## WHAT TO DO:
Hunt through the entries for the word "Page" and copy each line in which it appears.

**** DATASET RECORDS

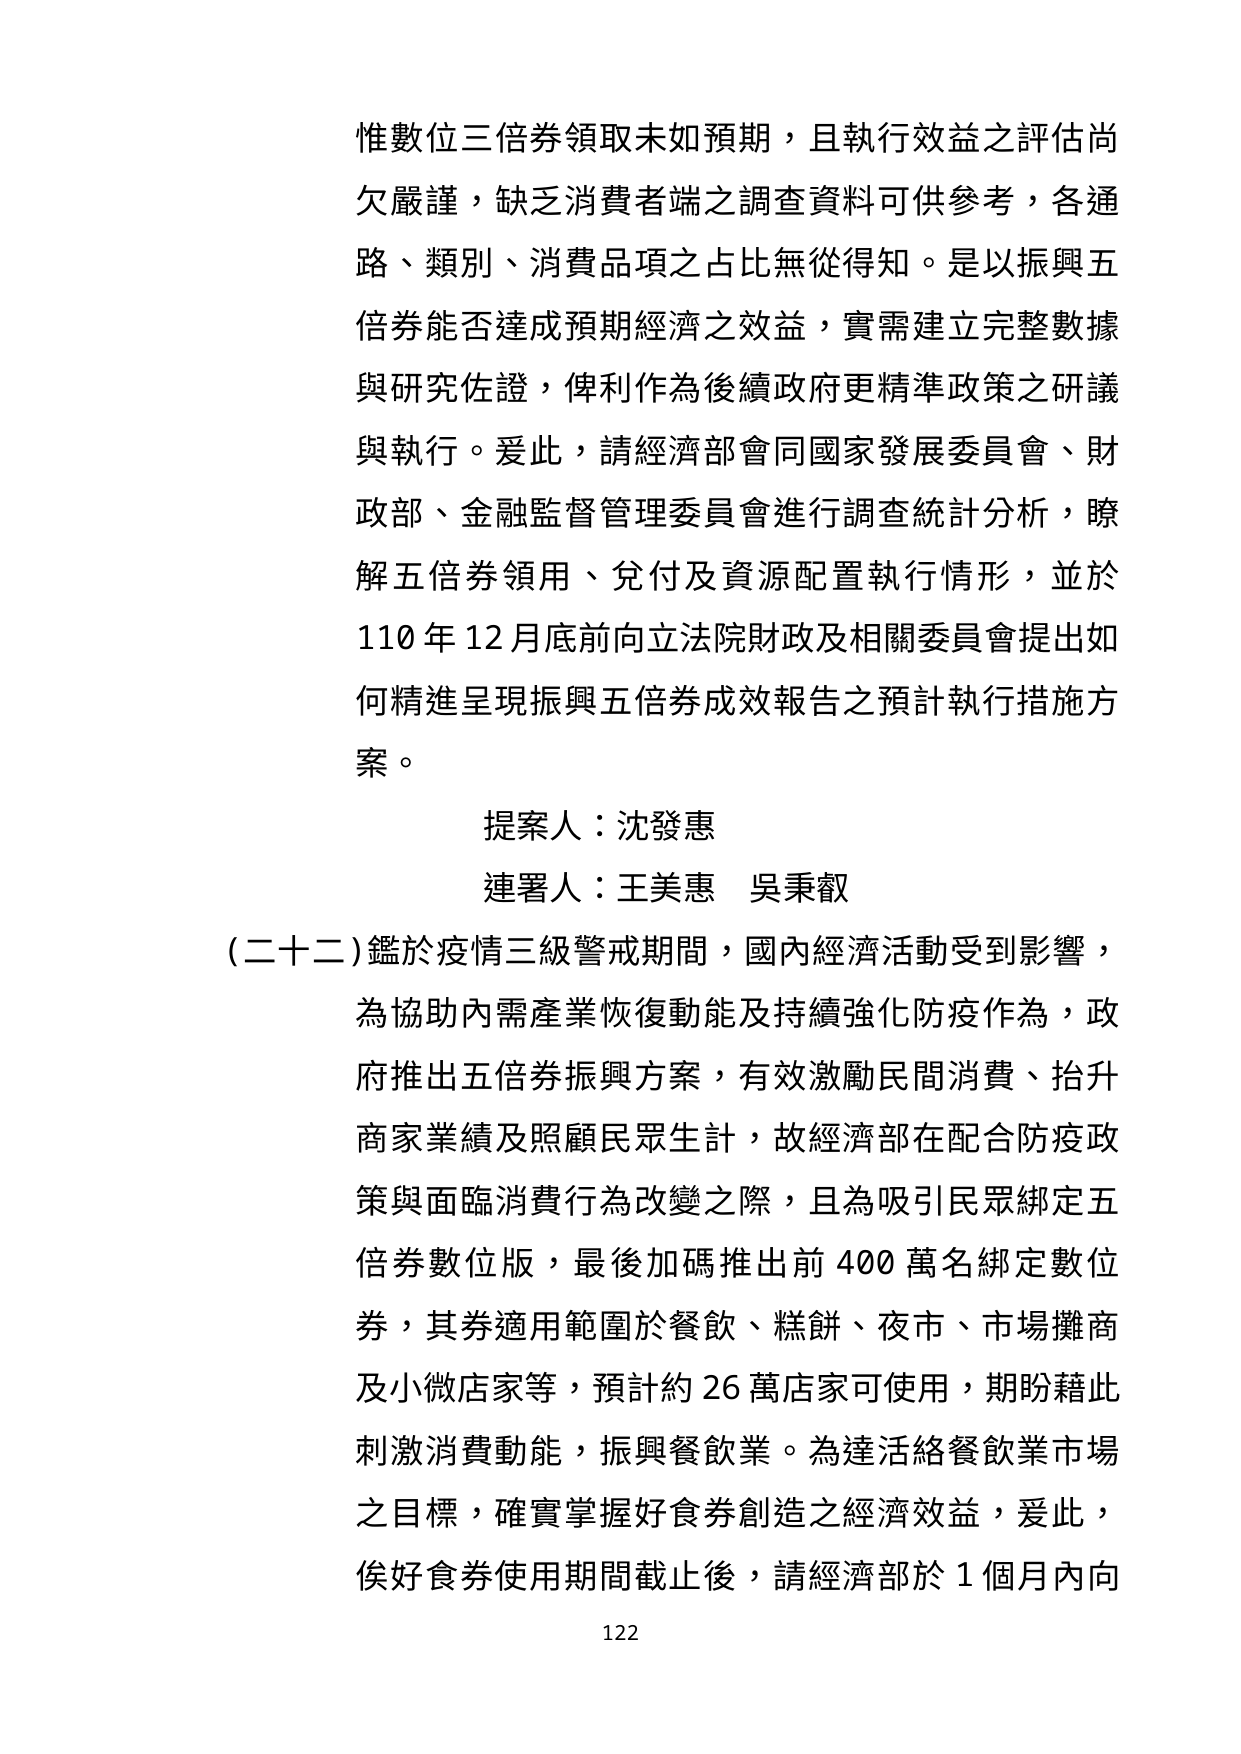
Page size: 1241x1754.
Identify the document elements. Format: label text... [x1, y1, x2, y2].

text (二十二)鑑於疫情三級警戒期間，國內經濟活動受到影響，為協助內需產業恢復動能及持續強化防疫作為，政府推出五倍券振興方案，有效激勵民間消費、抬升商家業績及照顧民眾生計，故經濟部在配合防疫政策與面臨消費行為改變之際，且為吸引民眾綁定五倍券數位版，最後加碼推出前400萬名綁定數位券，其券適用範圍於餐飲、糕餅、夜市、市場攤商及小微店家等，預計約26萬店家可使用，期盼藉此刺激消費動能，振興餐飲業。為達活絡餐飲業市場之目標，確實掌握好食券創造之經濟效益，爰此，俟好食券使用期間截止後，請經濟部於1個月內向 [223, 907, 1120, 1594]
text 連署人：王美惠 吳秉叡 [483, 844, 1120, 907]
text 惟數位三倍券領取未如預期，且執行效益之評估尚欠嚴謹，缺乏消費者端之調查資料可供參考，各通路、類別、消費品項之占比無從得知。是以振興五倍券能否達成預期經濟之效益，實需建立完整數據與研究佐證，俾利作為後續政府更精準政策之研議與執行。爰此，請經濟部會同國家發展委員會、財政部、金融監督管理委員會進行調查統計分析，瞭解五倍券領用、兌付及資源配置執行情形，並於110年12月底前向立法院財政及相關委員會提出如何精進呈現振興五倍券成效報告之預計執行措施方案。 [223, 94, 1120, 782]
text 提案人：沈發惠 [483, 782, 1120, 844]
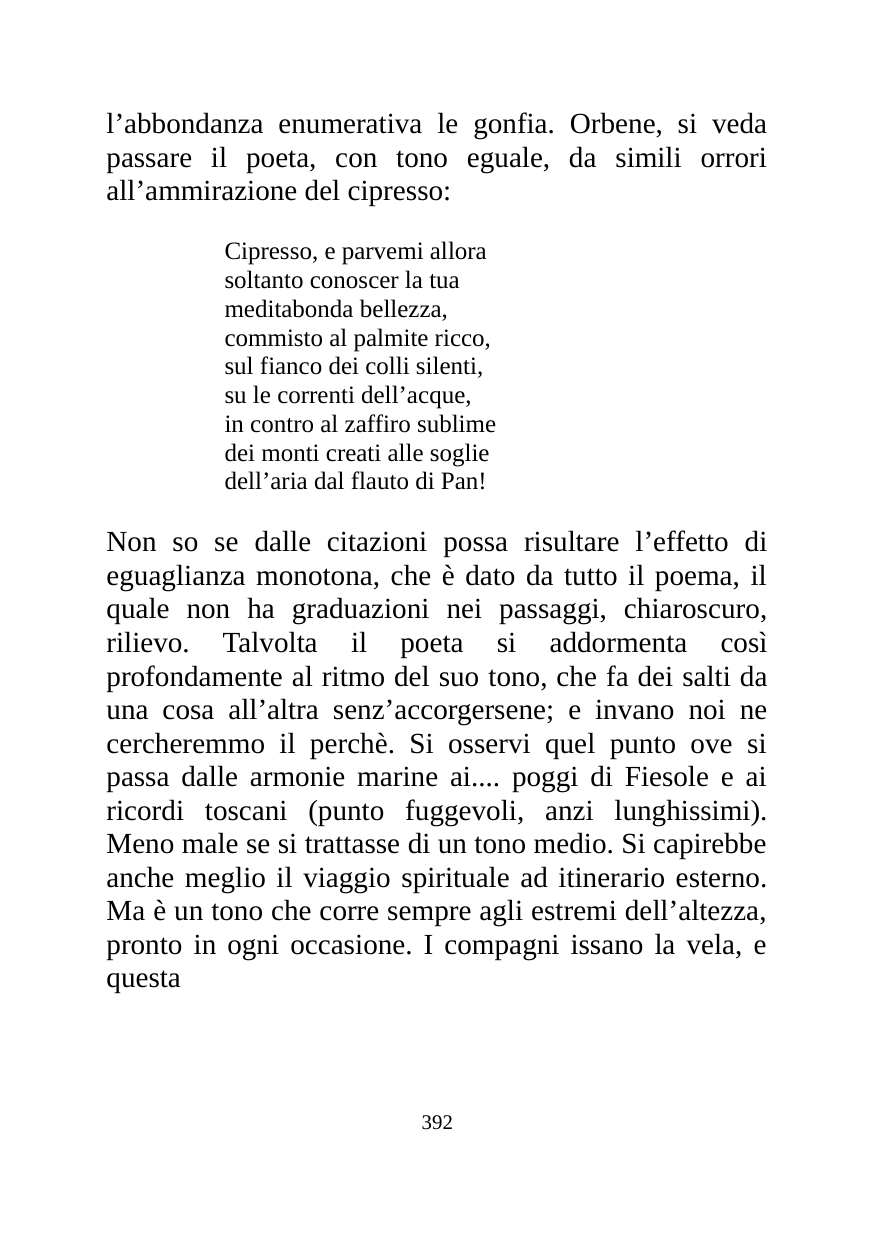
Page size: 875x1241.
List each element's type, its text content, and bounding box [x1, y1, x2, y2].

text l’abbondanza enumerativa le gonfia. Orbene, si veda passare il poeta, con tono eguale, da simili orrori all’ammirazione del cipresso: [106, 106, 768, 207]
text Cipresso, e parvemi allora soltanto conoscer la tua meditabonda bellezza, commisto al palmite ricco, sul fianco dei colli silenti, su le correnti dell’acque, in contro al zaffiro sublime dei monti creati alle soglie dell’aria dal flauto di Pan! [224, 236, 768, 495]
text Non so se dalle citazioni possa risultare l’effetto di eguaglianza monotona, che è dato da tutto il poema, il quale non ha graduazioni nei passaggi, chiaroscuro, rilievo. Talvolta il poeta si addormenta così profondamente al ritmo del suo tono, che fa dei salti da una cosa all’altra senz’accorgersene; e invano noi ne cercheremmo il perchè. Si osservi quel punto ove si passa dalle armonie marine ai.... poggi di Fiesole e ai ricordi toscani (punto fuggevoli, anzi lunghissimi). Meno male se si trattasse di un tono medio. Si capirebbe anche meglio il viaggio spirituale ad itinerario esterno. Ma è un tono che corre sempre agli estremi dell’altezza, pronto in ogni occasione. I compagni issano la vela, e questa [106, 524, 768, 994]

********

## THE COMPLETED TASK:
Page size: 1241x1754.
Page size: 875x1241.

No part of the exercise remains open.